*** Block opens ***

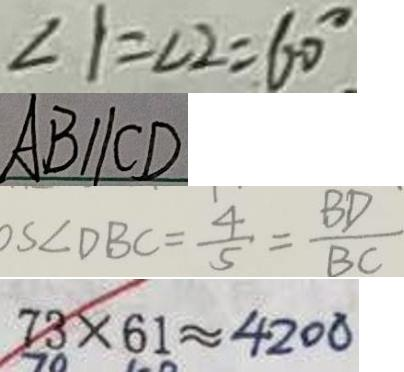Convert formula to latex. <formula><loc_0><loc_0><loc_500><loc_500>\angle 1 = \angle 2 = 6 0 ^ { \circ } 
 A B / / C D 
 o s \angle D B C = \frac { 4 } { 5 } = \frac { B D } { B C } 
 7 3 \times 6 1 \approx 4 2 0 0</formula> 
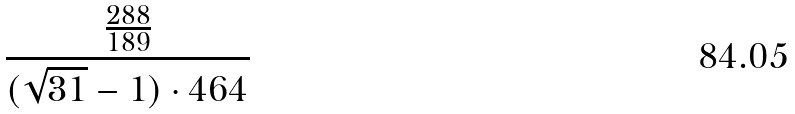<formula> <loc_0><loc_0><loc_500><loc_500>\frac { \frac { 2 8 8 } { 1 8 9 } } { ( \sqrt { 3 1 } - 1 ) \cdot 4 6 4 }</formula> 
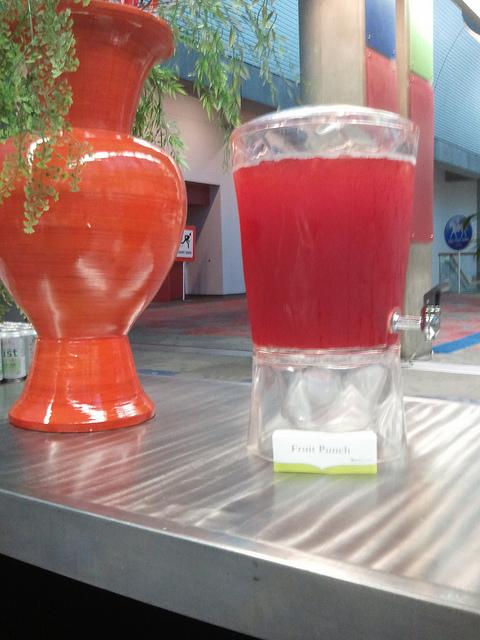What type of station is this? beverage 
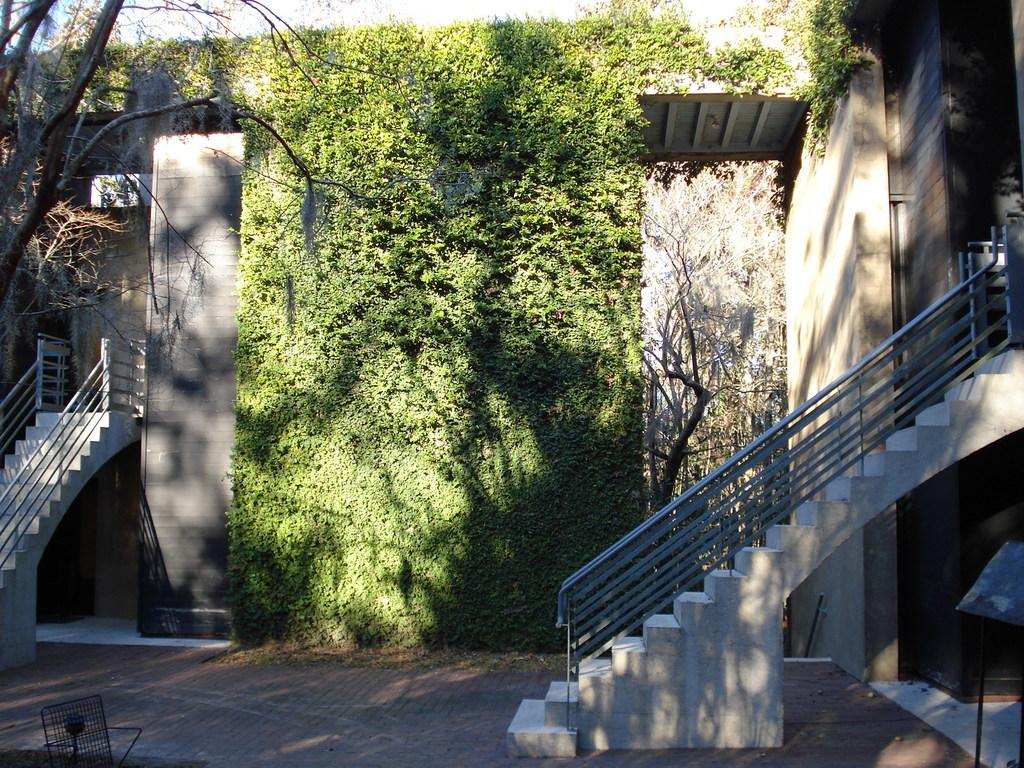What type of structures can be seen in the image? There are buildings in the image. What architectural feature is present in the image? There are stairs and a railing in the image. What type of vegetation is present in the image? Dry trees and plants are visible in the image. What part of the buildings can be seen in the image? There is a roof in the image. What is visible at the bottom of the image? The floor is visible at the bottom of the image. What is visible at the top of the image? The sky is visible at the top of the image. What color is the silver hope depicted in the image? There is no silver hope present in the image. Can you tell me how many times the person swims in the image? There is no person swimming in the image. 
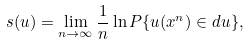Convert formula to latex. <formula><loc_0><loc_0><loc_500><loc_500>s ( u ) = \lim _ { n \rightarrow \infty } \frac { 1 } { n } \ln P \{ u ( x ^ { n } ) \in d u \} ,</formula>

*** Block closes ***

§ **YOUR INSTRUCTIONS**
Set the pictures aside and retype exactly the lines above from the line with "7 3 \times 6 1 \approx 4 2 0 0</formula>" to the line with "What type of station is this? beverage", both included, adding no others.

§ **OUTPUT FOR THIS EXERCISE**
 7 3 \times 6 1 \approx 4 2 0 0</formula> 
<formula> <loc_0><loc_0><loc_500><loc_500>\frac { \frac { 2 8 8 } { 1 8 9 } } { ( \sqrt { 3 1 } - 1 ) \cdot 4 6 4 }</formula> 
What type of station is this? beverage 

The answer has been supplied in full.